Genetic Discovery Could Improve Diagnosis of Drug-Resistant Epilepsy

Drug-resistant focal epilepsy remains a major clinical challenge and often arises from focal cortical dysplasia (FCD), a condition in which structural abnormalities in the brain’s cortex trigger seizures. Many patients lack a definitive genetic diagnosis, making clinical management and family counseling more difficult. Understanding how disruptions in cortical development occur could help improve diagnostic testing in neurology. New research has now identified genetic mutations that can disrupt key cellular signaling processes involved in brain development, revealing a molecular mechanism that may drive the formation of FCD.

Investigators at National Yang Ming Chiao Tung University (NYCU; Hsinchu, Taiwan), working with University College London and collaborators in Belgium, identified the transcription factor FOXJ3 as a regulator of cortical development associated with focal epilepsy. The researchers found that FOXJ3 acts as a transcriptional regulator controlling expression of PTEN, a gene that suppresses activity in the mTOR signaling pathway. When FOXJ3 function is impaired, PTEN activation is reduced, leading to increased mTOR signaling and abnormal neuronal growth characteristic of focal cortical dysplasia.
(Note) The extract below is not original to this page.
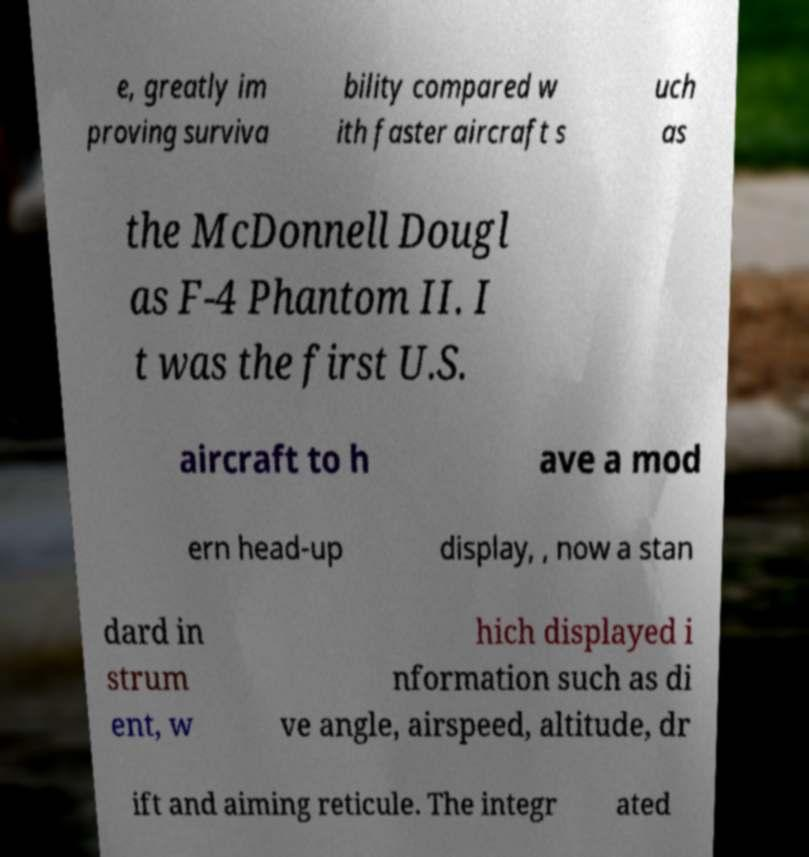What messages or text are displayed in this image? I need them in a readable, typed format. e, greatly im proving surviva bility compared w ith faster aircraft s uch as the McDonnell Dougl as F-4 Phantom II. I t was the first U.S. aircraft to h ave a mod ern head-up display, , now a stan dard in strum ent, w hich displayed i nformation such as di ve angle, airspeed, altitude, dr ift and aiming reticule. The integr ated 
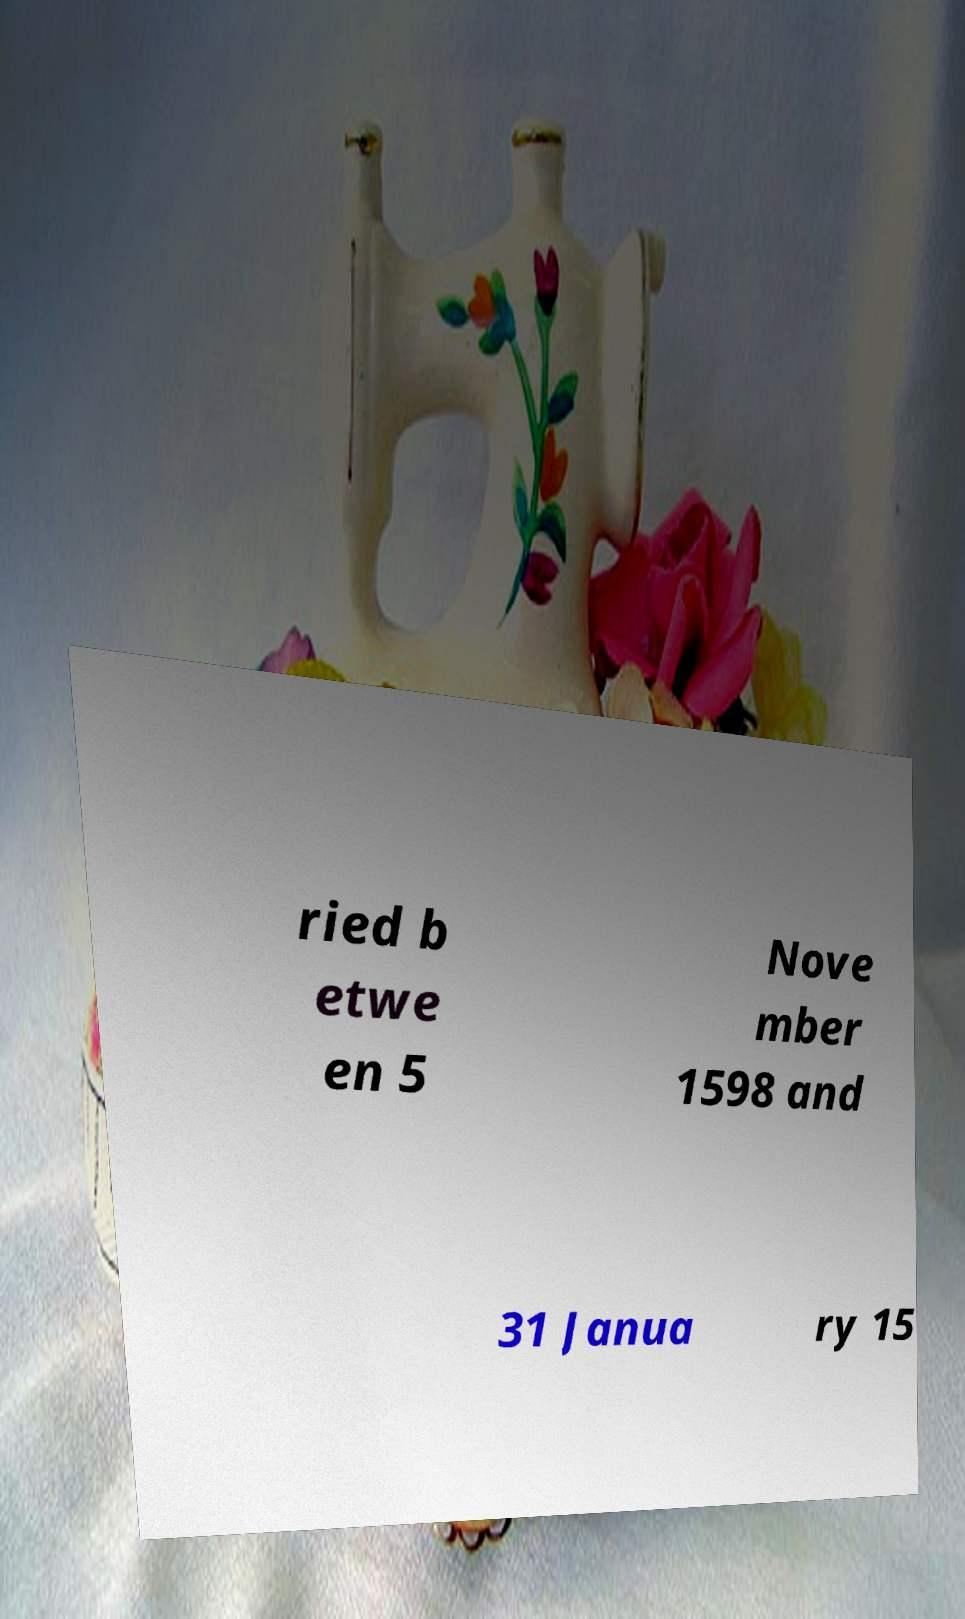I need the written content from this picture converted into text. Can you do that? ried b etwe en 5 Nove mber 1598 and 31 Janua ry 15

Image:The insight may improve genetic diagnosis of focal epilepsy, including cases with normal MRI (photo courtesy of Adobe Stock)

The study combined human genetics with developmental neuroscience. The work began after clinicians at Taipei Veterans General Hospital identified a Taiwanese family with inherited drug-resistant epilepsy and focal cortical dysplasia. Whole-genome sequencing revealed a FOXJ3 variant that segregated with the epilepsy phenotype in affected family members. Additional analyses, including studies in mouse models and single-cell datasets, showed that FOXJ3 is highly expressed in neural progenitor cells during early corticogenesis and declines as cortical layers begin to form.

Further experiments demonstrated that restoring PTEN activity could correct developmental abnormalities in experimental models, highlighting the importance of the FOXJ3–PTEN regulatory axis in cortical development. The findings identify FOXJ3 as a new genetic contributor within disorders affecting the mTOR pathway (mTORpathies) and provide insight into mechanisms underlying cortical malformations associated with epilepsy. According to the researchers, the work could improve genetic diagnosis for patients with focal epilepsy, including individuals whose MRI results appear normal, and may inform future therapeutic strategies targeting mTOR signaling. The study was published in Nature Communications on March 9, 2026.